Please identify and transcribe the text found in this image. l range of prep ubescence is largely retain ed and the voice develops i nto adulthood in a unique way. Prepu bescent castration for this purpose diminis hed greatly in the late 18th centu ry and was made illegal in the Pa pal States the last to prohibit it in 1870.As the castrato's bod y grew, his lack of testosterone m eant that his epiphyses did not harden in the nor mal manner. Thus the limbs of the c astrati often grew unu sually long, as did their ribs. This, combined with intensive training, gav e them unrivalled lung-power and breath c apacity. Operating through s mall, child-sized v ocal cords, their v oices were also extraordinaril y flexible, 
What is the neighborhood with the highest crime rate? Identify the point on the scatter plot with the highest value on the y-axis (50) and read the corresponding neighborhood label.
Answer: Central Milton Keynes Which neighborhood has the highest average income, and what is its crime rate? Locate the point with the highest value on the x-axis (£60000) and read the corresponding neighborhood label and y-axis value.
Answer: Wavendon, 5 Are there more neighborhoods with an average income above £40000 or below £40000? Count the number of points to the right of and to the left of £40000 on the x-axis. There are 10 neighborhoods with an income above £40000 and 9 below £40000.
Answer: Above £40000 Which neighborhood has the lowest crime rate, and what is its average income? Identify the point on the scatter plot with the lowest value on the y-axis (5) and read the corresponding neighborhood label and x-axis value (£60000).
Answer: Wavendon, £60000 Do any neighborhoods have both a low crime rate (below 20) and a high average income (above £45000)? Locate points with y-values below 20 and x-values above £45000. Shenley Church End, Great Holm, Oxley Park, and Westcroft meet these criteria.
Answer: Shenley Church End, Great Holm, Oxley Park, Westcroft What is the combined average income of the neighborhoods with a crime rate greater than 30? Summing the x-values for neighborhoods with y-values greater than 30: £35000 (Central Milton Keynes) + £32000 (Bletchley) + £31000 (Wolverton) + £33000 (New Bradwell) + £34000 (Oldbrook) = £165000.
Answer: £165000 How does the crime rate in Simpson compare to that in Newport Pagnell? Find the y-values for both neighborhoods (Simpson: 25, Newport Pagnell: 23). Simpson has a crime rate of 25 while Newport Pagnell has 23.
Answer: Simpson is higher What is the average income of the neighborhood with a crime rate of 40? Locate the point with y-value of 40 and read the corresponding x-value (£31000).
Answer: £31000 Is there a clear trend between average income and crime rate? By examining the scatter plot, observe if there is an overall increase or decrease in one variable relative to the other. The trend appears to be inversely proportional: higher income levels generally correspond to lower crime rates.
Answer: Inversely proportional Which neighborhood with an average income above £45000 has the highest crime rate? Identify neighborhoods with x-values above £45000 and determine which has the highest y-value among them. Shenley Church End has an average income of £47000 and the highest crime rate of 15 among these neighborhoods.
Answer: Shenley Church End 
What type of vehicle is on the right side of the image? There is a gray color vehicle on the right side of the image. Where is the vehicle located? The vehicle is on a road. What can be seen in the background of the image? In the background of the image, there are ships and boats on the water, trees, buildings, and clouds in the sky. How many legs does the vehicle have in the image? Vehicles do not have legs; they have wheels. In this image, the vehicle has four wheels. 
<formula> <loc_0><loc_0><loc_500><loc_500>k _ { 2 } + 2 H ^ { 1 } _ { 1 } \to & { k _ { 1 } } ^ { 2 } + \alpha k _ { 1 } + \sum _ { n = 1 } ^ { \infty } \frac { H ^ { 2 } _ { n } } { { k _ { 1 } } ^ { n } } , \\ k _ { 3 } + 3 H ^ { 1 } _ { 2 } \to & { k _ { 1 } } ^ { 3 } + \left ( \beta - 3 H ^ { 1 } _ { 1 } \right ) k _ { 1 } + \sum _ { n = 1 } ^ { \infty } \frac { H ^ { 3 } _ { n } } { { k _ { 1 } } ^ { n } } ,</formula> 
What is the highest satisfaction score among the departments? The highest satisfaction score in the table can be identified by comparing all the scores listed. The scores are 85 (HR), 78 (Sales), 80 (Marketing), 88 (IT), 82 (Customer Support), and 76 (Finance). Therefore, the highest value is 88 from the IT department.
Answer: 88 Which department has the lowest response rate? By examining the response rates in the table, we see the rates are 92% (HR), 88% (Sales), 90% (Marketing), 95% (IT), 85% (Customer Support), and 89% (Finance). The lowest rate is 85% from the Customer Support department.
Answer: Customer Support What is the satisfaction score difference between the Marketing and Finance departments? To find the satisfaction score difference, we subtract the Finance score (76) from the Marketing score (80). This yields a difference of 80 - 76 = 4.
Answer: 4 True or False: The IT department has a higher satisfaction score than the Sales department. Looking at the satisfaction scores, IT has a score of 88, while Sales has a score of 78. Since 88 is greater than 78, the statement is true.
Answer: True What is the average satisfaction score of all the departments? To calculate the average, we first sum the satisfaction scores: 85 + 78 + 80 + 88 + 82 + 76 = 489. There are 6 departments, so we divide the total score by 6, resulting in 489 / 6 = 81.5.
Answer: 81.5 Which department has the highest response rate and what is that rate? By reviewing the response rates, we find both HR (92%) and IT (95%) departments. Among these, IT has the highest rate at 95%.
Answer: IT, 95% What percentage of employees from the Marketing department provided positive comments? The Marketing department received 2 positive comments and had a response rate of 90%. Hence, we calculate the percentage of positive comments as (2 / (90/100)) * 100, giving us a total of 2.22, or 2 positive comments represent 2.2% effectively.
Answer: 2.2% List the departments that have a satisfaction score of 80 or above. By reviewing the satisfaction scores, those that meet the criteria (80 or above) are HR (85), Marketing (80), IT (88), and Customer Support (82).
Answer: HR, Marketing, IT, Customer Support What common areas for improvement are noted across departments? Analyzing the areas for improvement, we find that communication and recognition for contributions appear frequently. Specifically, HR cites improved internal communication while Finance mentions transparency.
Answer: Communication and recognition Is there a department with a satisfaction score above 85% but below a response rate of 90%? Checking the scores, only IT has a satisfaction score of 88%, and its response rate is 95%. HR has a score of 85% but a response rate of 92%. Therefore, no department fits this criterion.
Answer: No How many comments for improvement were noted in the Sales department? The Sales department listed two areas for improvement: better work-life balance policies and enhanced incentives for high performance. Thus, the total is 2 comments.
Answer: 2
---+---
:: WORK REQUEST ::
Every line of the listing that includes the word "label" must be copied.

:: RESPONSE AREA ::
What is the neighborhood with the highest crime rate? Identify the point on the scatter plot with the highest value on the y-axis (50) and read the corresponding neighborhood label.
Answer: Central Milton Keynes Which neighborhood has the highest average income, and what is its crime rate? Locate the point with the highest value on the x-axis (£60000) and read the corresponding neighborhood label and y-axis value.
Answer: Above £40000 Which neighborhood has the lowest crime rate, and what is its average income? Identify the point on the scatter plot with the lowest value on the y-axis (5) and read the corresponding neighborhood label and x-axis value (£60000).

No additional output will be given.